One of the first known descriptions of Opuntia basilaris come from the reports of the explorations and surveys for a railroad route from the Mississippi River to the Pacific Ocean. This expedition followed the 35th parallel through New Mexico, Arizona, and California. In the 4th volume of this report, The Botany of the Expedition, by George Engelmann and John M. Bigelow, Opuntia basilaris is described as a stout, fan-shaped Opuntia resembling an open cabbage head, with accompanying illustrations.

== Varieties ==
The species is variable in nature and several names under different ranks have been described. Only four of these are generally accepted.
- Opuntia basilaris var. basilaris (2n=22)
- Opuntia basilaris var. brachyclada (2n=22) – Little beavertail pricklypear
- Opuntia basilaris var. heilii (2n=22) – Heil's beavertail
- Opuntia basilaris var. longiareolata (2n=22) – Elongated beavertail prickly pear or Grand Canyon beavertail pricklypear
- Opuntia basilaris var. treleasei (2n=33) – Trelease's beavertail prickly pear, Bakersfield cactus (This variety is designated as endangered under the federal Endangered Species Act and California Endangered Species Act, which means that killing or possessing it is prohibited in California)

Some experts consider the Trelease's beavertail to be a full species (Bowen 1987, R. van de Hoek). It is unique among the varieties of Opuntia basilaris in that the areoles contain spines in addition to the bristles; this indicates that the species does vary a lot in its exterior.

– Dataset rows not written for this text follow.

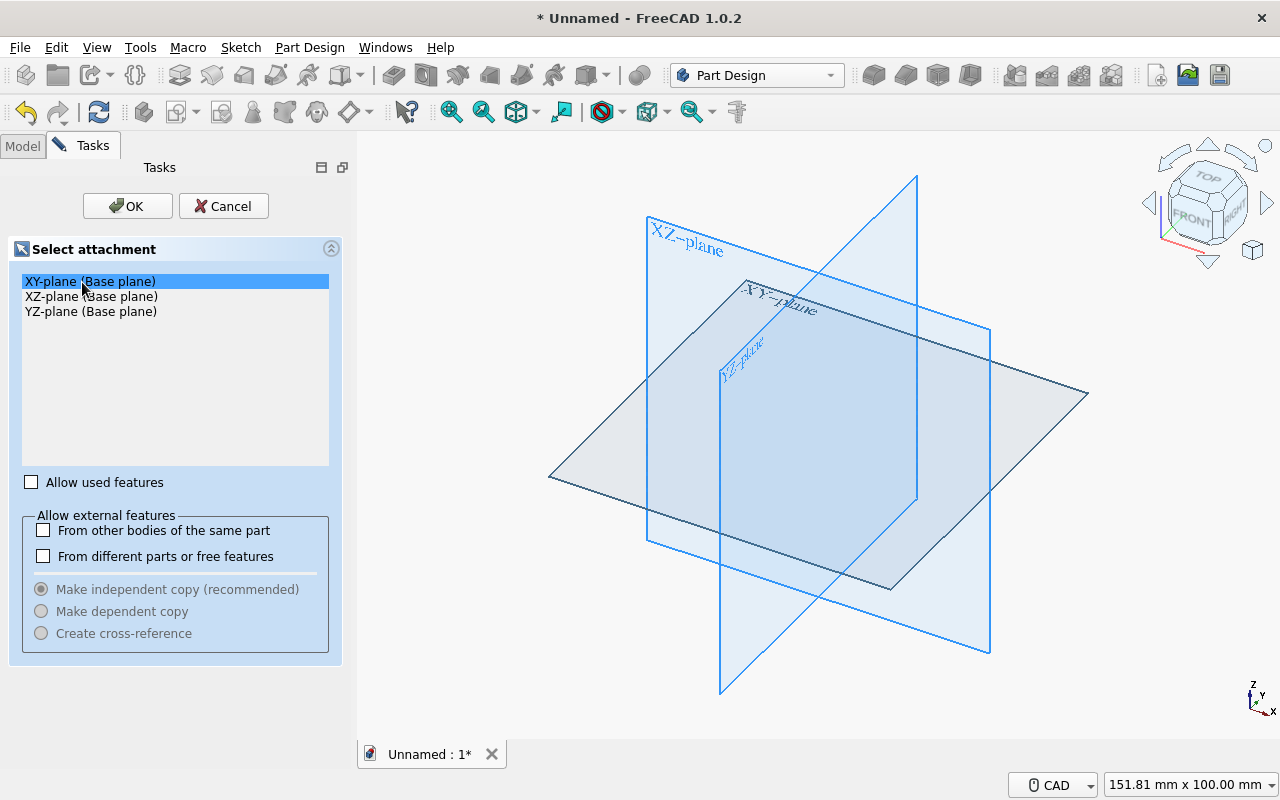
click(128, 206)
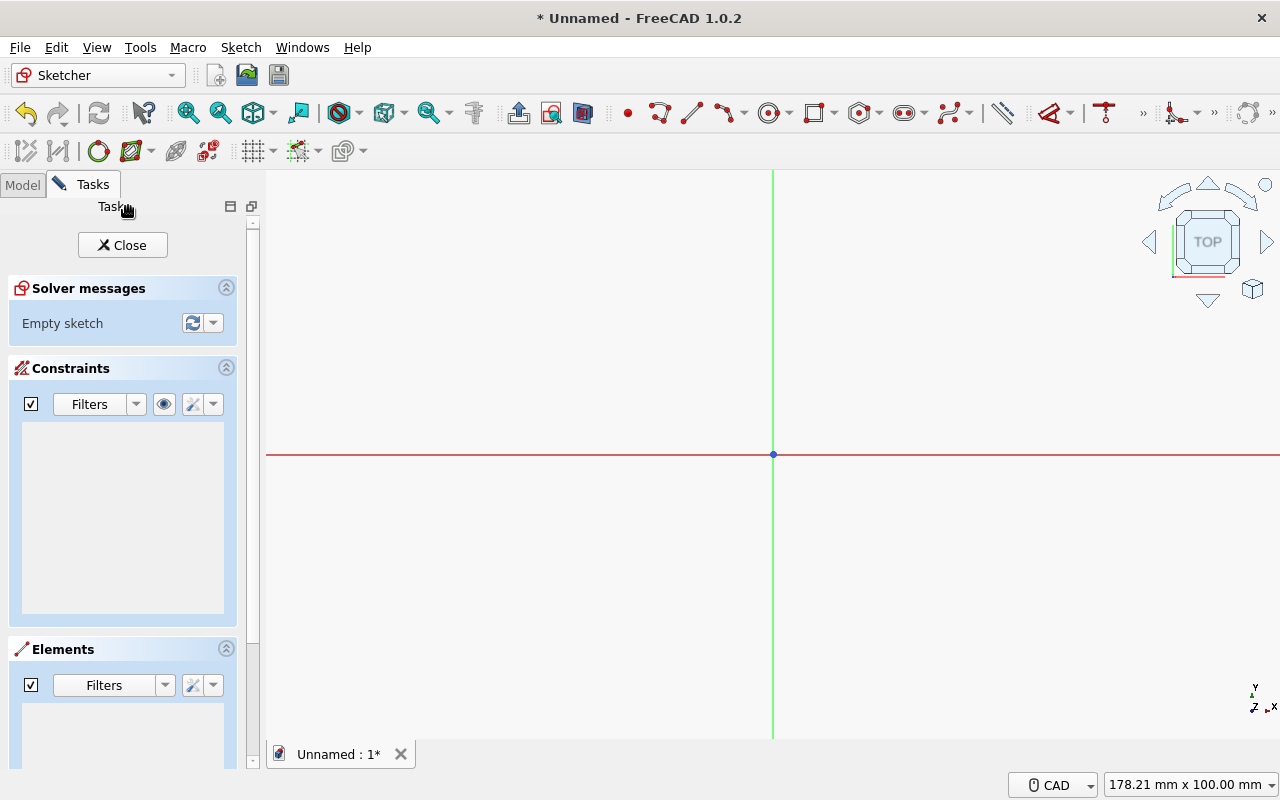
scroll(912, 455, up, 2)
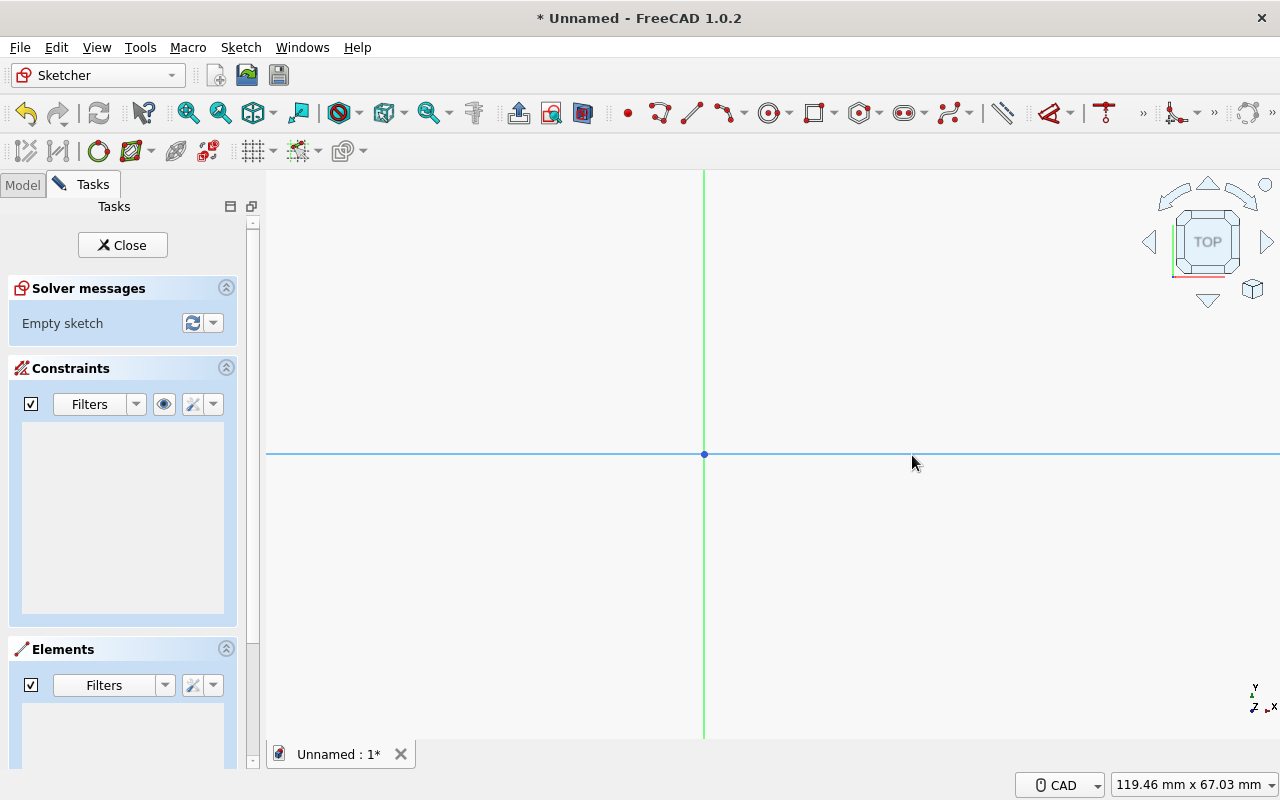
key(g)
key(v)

== Distribution and habitat ==
This species of cactus is found in the Southwest US regions including California, Nevada, Arizona, Utah, and Northwestern Sonora, Mexico. This plant can be found in chaparral, desert, and grassland. This cactus grows in well draining mediums composed of sand, gravel, cobble, or even on boulders.

== Chemistry ==
Opuntia basilaris contains 0.01% mescaline and 4-hydroxy-3-5-dimethoxyphenethylamine.

==Uses==
The Cahuilla Native Americans used beavertail as a food staple. The buds were cooked or steamed, and then were eaten or stored. The large seeds were ground up to be eaten as mush. The Diegueño would consume it as a dried fruit after removing the spines. The Shoshone Native American Tribe took advantage of the analgesic properties of this cactus by creating a poultice from the inner mucilage to treat minor cuts.